Your not wrong hodgie, have been looking for a good while now and am yet to find a relatively standard example. Ideally uk spec model too  just to make things harder!!


----------



## davewelch00 (Sep 25, 2008)

nismo22 said:


> I bought my 34 GTR at 21, only way i got insured was to get trade insurance with my dad an brother on the policy...


Presumably, trader does not mean solely car sales then, I could have my own ebay store for example sellingg odds and ends, or an online business??


----------



## asiasi (Dec 22, 2007)

No mate,motor trade insurance only.


----------



## GTR FREAK! (May 15, 2008)

ASIASI - afraid your wrong there.
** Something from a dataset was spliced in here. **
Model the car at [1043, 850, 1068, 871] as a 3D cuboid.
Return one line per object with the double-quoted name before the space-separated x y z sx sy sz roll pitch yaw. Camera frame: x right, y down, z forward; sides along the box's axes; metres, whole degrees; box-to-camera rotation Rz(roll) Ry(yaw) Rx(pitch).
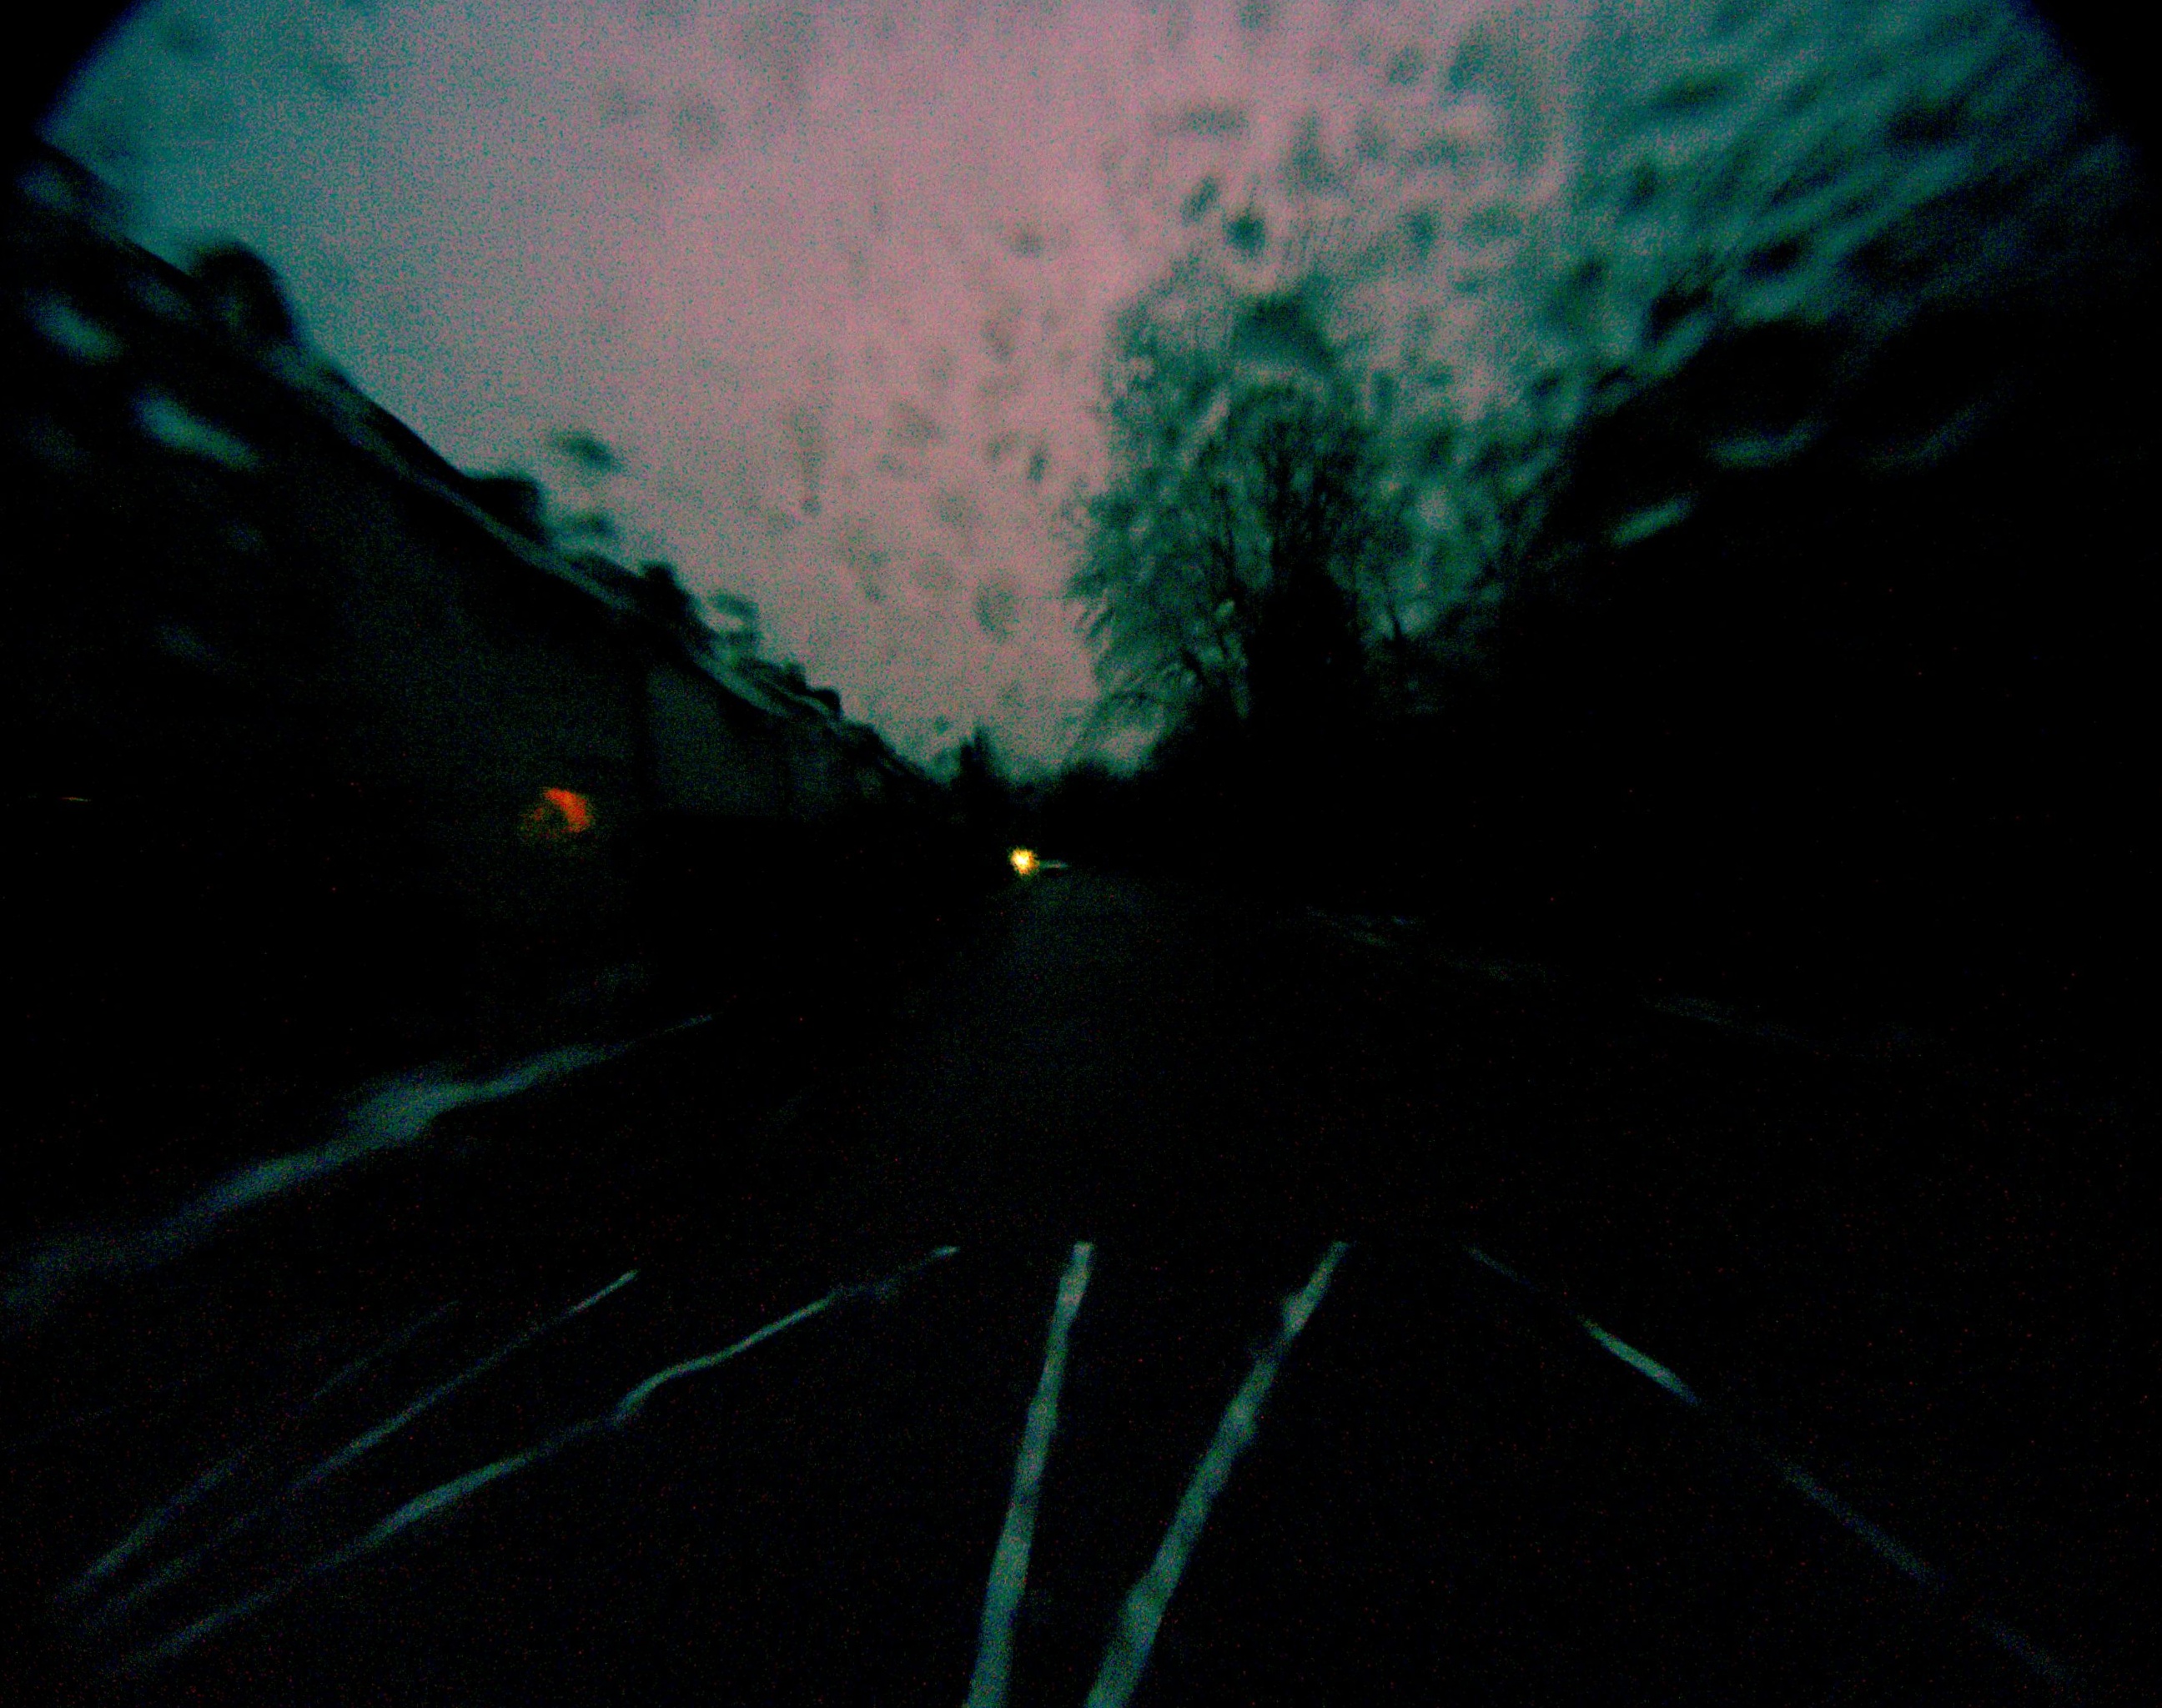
"car" -2.064 0.469 60.415 1.709 1.498 4.022 -3 1 -6

My uncles all have trade insurance as they have building businesses, therfore no motor trade necessary


----------



## davewelch00 (Sep 25, 2008)

Thats what I was thinking GTR Freak, so the trade could be something as simple as a home business??


----------



## asiasi (Dec 22, 2007)

Learn something new every day,apologies.


----------



## see_no_evo (Sep 10, 2007)

surley you would have to show that u use the cars for trade use aswell?? i am just askin?


----------



## G40tee (Feb 25, 2008)

from what i have seen the business has to have some use of cars, etc valeters, builders with work cars, mechanics etc.

have a look on tradex website, google 'tradex' that will give you a list of what kinds of businesses they insure.


----------



## davewelch00 (Sep 25, 2008)

What are the main diffrencees between the R33 and R34 please? As ive said im aiming for a 34, but there seems to be quite substantial savings with current 33 prices.


----------